OnRefreshListenerインターフェイス

リストを下方向にスワイプすると、SwipeRefreshLayoutにリスナーとして登録されている
OnRefreshListenerインターフェイスのonRefreshメソッドが呼び出されます。
メソッドのシグニチャは、以下のとおりです。

void onRefresh();

OnRefreshListenerインターフェイスを実装したオブジェクトを、SwipeRefreshLayoutのオブジェクトのリスナーに設定します。
サンプルアプリは、ラムダ式で実装しています。
※ここでのmySwipeRefreshLayoutは、SwipeRefreshLayoutのオブジェクトです。

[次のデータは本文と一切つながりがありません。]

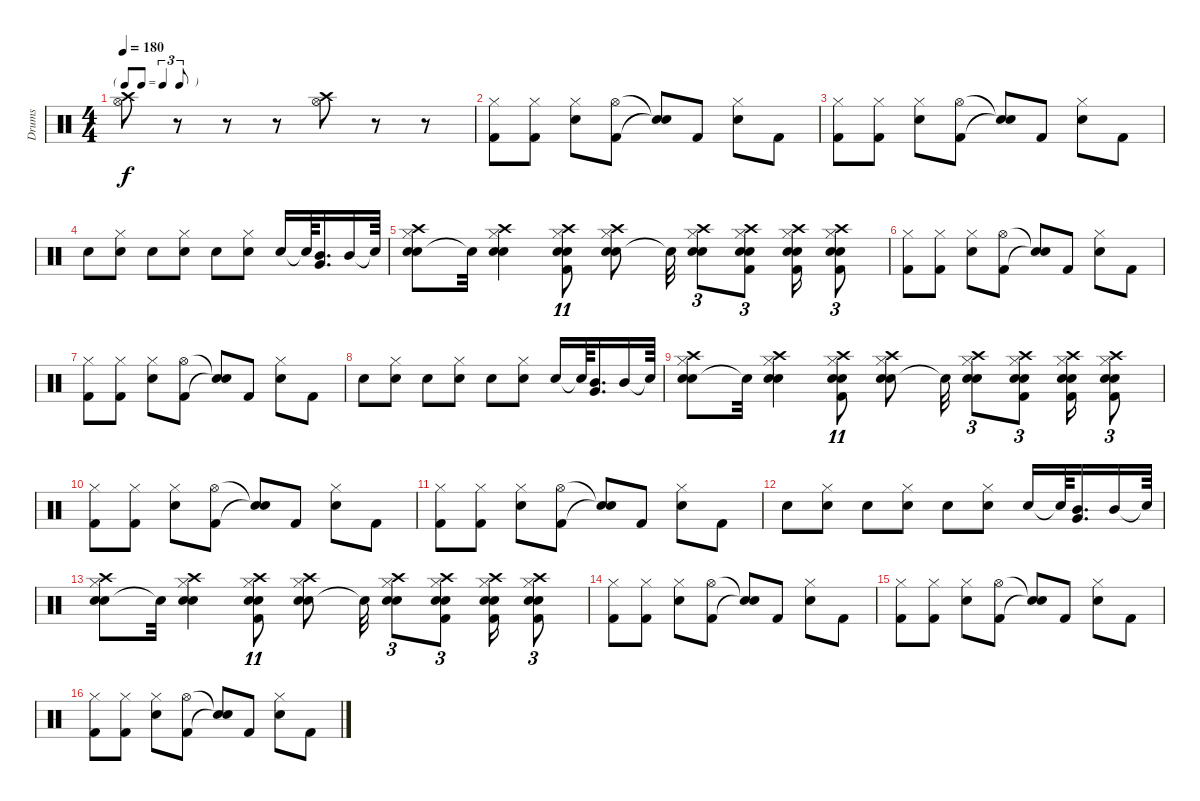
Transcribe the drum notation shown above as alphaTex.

\track ("Drums" "Drums") {instrument percussion}
\staff {score}
\articulation defaults
\ts (4 4)
\tf triplet8th
\tempo 180
\clef neutral
\ks c
("Hi-Hat (open)" "Crash high (hit)").8{dy f} r.8 r.8 r.8 ("Hi-Hat (open)" "Crash high (hit)").8 r.8 r.8 |
("Hi-Hat (closed)" "Kick (hit) 2").8 ("Hi-Hat (closed)" "Kick (hit) 2").8 ("Hi-Hat (closed)" "Electric Snare (hit)").8 ("Hi-Hat (open)" "Kick (hit) 2").8 ("Snare (hit)"{t} "Snare (hit)"{t}).8 "Kick (hit) 2".8 ("Hi-Hat (closed)" "Electric Snare (hit)").8 "Kick (hit) 2".8 |
("Hi-Hat (closed)" "Kick (hit) 2").8 ("Hi-Hat (closed)" "Kick (hit) 2").8 ("Hi-Hat (closed)" "Electric Snare (hit)").8 ("Hi-Hat (open)" "Kick (hit) 2").8 ("Snare (hit)"{t} "Snare (hit)"{t}).8 "Kick (hit) 2".8 ("Hi-Hat (closed)" "Electric Snare (hit)").8 "Kick (hit) 2".8 |
"Snare (hit) 2".8 ("Hi-Hat (closed)" "Snare (hit) 2").8 "Snare (hit) 2".8 ("Hi-Hat (closed)" "Snare (hit) 2").8 "Snare (hit) 2".8 ("Hi-Hat (closed)" "Snare (hit) 2").8 "Snare (hit) 2".16 "Snare (hit)"{t}.64 ("Mid Tom (hit)" "Very Low Tom (hit)").16{d} "Mid Tom (hit)".16 "Snare (hit)"{t}.64 |
("Snare (hit) 2" "Hi-Hat (closed)" "Crash high (hit)" "Electric Snare (hit)").8 "Snare (hit)"{t}.32 ("Snare (hit) 2" "Hi-Hat (closed)" "Crash high (hit)" "Electric Snare (hit)").4 ("Snare (hit) 2" "Kick (hit) 2" "Hi-Hat (closed)" "Crash high (hit)" "Electric Snare (hit)").8{tu (11 8)} ("Snare (hit) 2" "Hi-Hat (closed)" "Crash high (hit)" "Electric Snare (hit)").8 "Snare (hit)"{t}.32 ("Snare (hit) 2" "Hi-Hat (closed)" "Crash high (hit)" "Electric Snare (hit)").8{tu (3 2)} ("Snare (hit) 2" "Hi-Hat (closed)" "Crash high (hit)" "Kick (hit) 2" "Electric Snare (hit)").8{tu (3 2)} ("Snare (hit) 2" "Hi-Hat (closed)" "Crash high (hit)" "Kick (hit) 2" "Electric Snare (hit)").16 ("Snare (hit) 2" "Hi-Hat (closed)" "Crash high (hit)" "Kick (hit) 2" "Electric Snare (hit)").8{tu (3 2)} |
("Hi-Hat (closed)" "Kick (hit) 2").8 ("Hi-Hat (closed)" "Kick (hit) 2").8 ("Hi-Hat (closed)" "Electric Snare (hit)").8 ("Hi-Hat (open)" "Kick (hit) 2").8 ("Snare (hit)"{t} "Snare (hit)"{t}).8 "Kick (hit) 2".8 ("Hi-Hat (closed)" "Electric Snare (hit)").8 "Kick (hit) 2".8 |
("Hi-Hat (closed)" "Kick (hit) 2").8 ("Hi-Hat (closed)" "Kick (hit) 2").8 ("Hi-Hat (closed)" "Electric Snare (hit)").8 ("Hi-Hat (open)" "Kick (hit) 2").8 ("Snare (hit)"{t} "Snare (hit)"{t}).8 "Kick (hit) 2".8 ("Hi-Hat (closed)" "Electric Snare (hit)").8 "Kick (hit) 2".8 |
"Snare (hit) 2".8 ("Hi-Hat (closed)" "Snare (hit) 2").8 "Snare (hit) 2".8 ("Hi-Hat (closed)" "Snare (hit) 2").8 "Snare (hit) 2".8 ("Hi-Hat (closed)" "Snare (hit) 2").8 "Snare (hit) 2".16 "Snare (hit)"{t}.64 ("Mid Tom (hit)" "Very Low Tom (hit)").16{d} "Mid Tom (hit)".16 "Snare (hit)"{t}.64 |
("Snare (hit) 2" "Hi-Hat (closed)" "Crash high (hit)" "Electric Snare (hit)").8 "Snare (hit)"{t}.32 ("Snare (hit) 2" "Hi-Hat (closed)" "Crash high (hit)" "Electric Snare (hit)").4 ("Snare (hit) 2" "Kick (hit) 2" "Hi-Hat (closed)" "Crash high (hit)" "Electric Snare (hit)").8{tu (11 8)} ("Snare (hit) 2" "Hi-Hat (closed)" "Crash high (hit)" "Electric Snare (hit)").8 "Snare (hit)"{t}.32 ("Snare (hit) 2" "Hi-Hat (closed)" "Crash high (hit)" "Electric Snare (hit)").8{tu (3 2)} ("Snare (hit) 2" "Hi-Hat (closed)" "Crash high (hit)" "Kick (hit) 2" "Electric Snare (hit)").8{tu (3 2)} ("Snare (hit) 2" "Hi-Hat (closed)" "Crash high (hit)" "Kick (hit) 2" "Electric Snare (hit)").16 ("Snare (hit) 2" "Hi-Hat (closed)" "Crash high (hit)" "Kick (hit) 2" "Electric Snare (hit)").8{tu (3 2)} |
("Hi-Hat (closed)" "Kick (hit) 2").8 ("Hi-Hat (closed)" "Kick (hit) 2").8 ("Hi-Hat (closed)" "Electric Snare (hit)").8 ("Hi-Hat (open)" "Kick (hit) 2").8 ("Snare (hit)"{t} "Snare (hit)"{t}).8 "Kick (hit) 2".8 ("Hi-Hat (closed)" "Electric Snare (hit)").8 "Kick (hit) 2".8 |
("Hi-Hat (closed)" "Kick (hit) 2").8 ("Hi-Hat (closed)" "Kick (hit) 2").8 ("Hi-Hat (closed)" "Electric Snare (hit)").8 ("Hi-Hat (open)" "Kick (hit) 2").8 ("Snare (hit)"{t} "Snare (hit)"{t}).8 "Kick (hit) 2".8 ("Hi-Hat (closed)" "Electric Snare (hit)").8 "Kick (hit) 2".8 |
"Snare (hit) 2".8 ("Hi-Hat (closed)" "Snare (hit) 2").8 "Snare (hit) 2".8 ("Hi-Hat (closed)" "Snare (hit) 2").8 "Snare (hit) 2".8 ("Hi-Hat (closed)" "Snare (hit) 2").8 "Snare (hit) 2".16 "Snare (hit)"{t}.64 ("Mid Tom (hit)" "Very Low Tom (hit)").16{d} "Mid Tom (hit)".16 "Snare (hit)"{t}.64 |
("Snare (hit) 2" "Hi-Hat (closed)" "Crash high (hit)" "Electric Snare (hit)").8 "Snare (hit)"{t}.32 ("Snare (hit) 2" "Hi-Hat (closed)" "Crash high (hit)" "Electric Snare (hit)").4 ("Snare (hit) 2" "Kick (hit) 2" "Hi-Hat (closed)" "Crash high (hit)" "Electric Snare (hit)").8{tu (11 8)} ("Snare (hit) 2" "Hi-Hat (closed)" "Crash high (hit)" "Electric Snare (hit)").8 "Snare (hit)"{t}.32 ("Snare (hit) 2" "Hi-Hat (closed)" "Crash high (hit)" "Electric Snare (hit)").8{tu (3 2)} ("Snare (hit) 2" "Hi-Hat (closed)" "Crash high (hit)" "Kick (hit) 2" "Electric Snare (hit)").8{tu (3 2)} ("Snare (hit) 2" "Hi-Hat (closed)" "Crash high (hit)" "Kick (hit) 2" "Electric Snare (hit)").16 ("Snare (hit) 2" "Hi-Hat (closed)" "Crash high (hit)" "Kick (hit) 2" "Electric Snare (hit)").8{tu (3 2)} |
("Hi-Hat (closed)" "Kick (hit) 2").8 ("Hi-Hat (closed)" "Kick (hit) 2").8 ("Hi-Hat (closed)" "Electric Snare (hit)").8 ("Hi-Hat (open)" "Kick (hit) 2").8 ("Snare (hit)"{t} "Snare (hit)"{t}).8 "Kick (hit) 2".8 ("Hi-Hat (closed)" "Electric Snare (hit)").8 "Kick (hit) 2".8 |
("Hi-Hat (closed)" "Kick (hit) 2").8 ("Hi-Hat (closed)" "Kick (hit) 2").8 ("Hi-Hat (closed)" "Electric Snare (hit)").8 ("Hi-Hat (open)" "Kick (hit) 2").8 ("Snare (hit)"{t} "Snare (hit)"{t}).8 "Kick (hit) 2".8 ("Hi-Hat (closed)" "Electric Snare (hit)").8 "Kick (hit) 2".8 |
("Hi-Hat (closed)" "Kick (hit) 2").8 ("Hi-Hat (closed)" "Kick (hit) 2").8 ("Hi-Hat (closed)" "Electric Snare (hit)").8 ("Hi-Hat (open)" "Kick (hit) 2").8 ("Snare (hit)"{t} "Snare (hit)"{t}).8 "Kick (hit) 2".8 ("Hi-Hat (closed)" "Electric Snare (hit)").8 "Kick (hit) 2".8

mySwipeRefreshLayout.setOnRefreshListener {・・・更新処理などを記述・・・}

インジケータを非表示にする

インジケータを非表示にするには、SwipeRefreshLayoutクラスのsetRefreshingメソッドの引数にfalseを渡します。1
Kotlinでは、isRefreshingプロパティにfalseを渡すことで実現します。isRefreshingプロパティにfalseを渡すことで、setRefreshingメソッドが内部的に呼び出されます。
実装例は、以下のとおりです。

mySwipeRefreshLayout.isRefreshing = false

まとめ

SwipeRefreshLayoutを利用することにより、比較的少ないコード量でリッチな機能が実装できます。


  1. setRefreshingメソッドの引数にtrueを渡すと、インジケータが表示されます。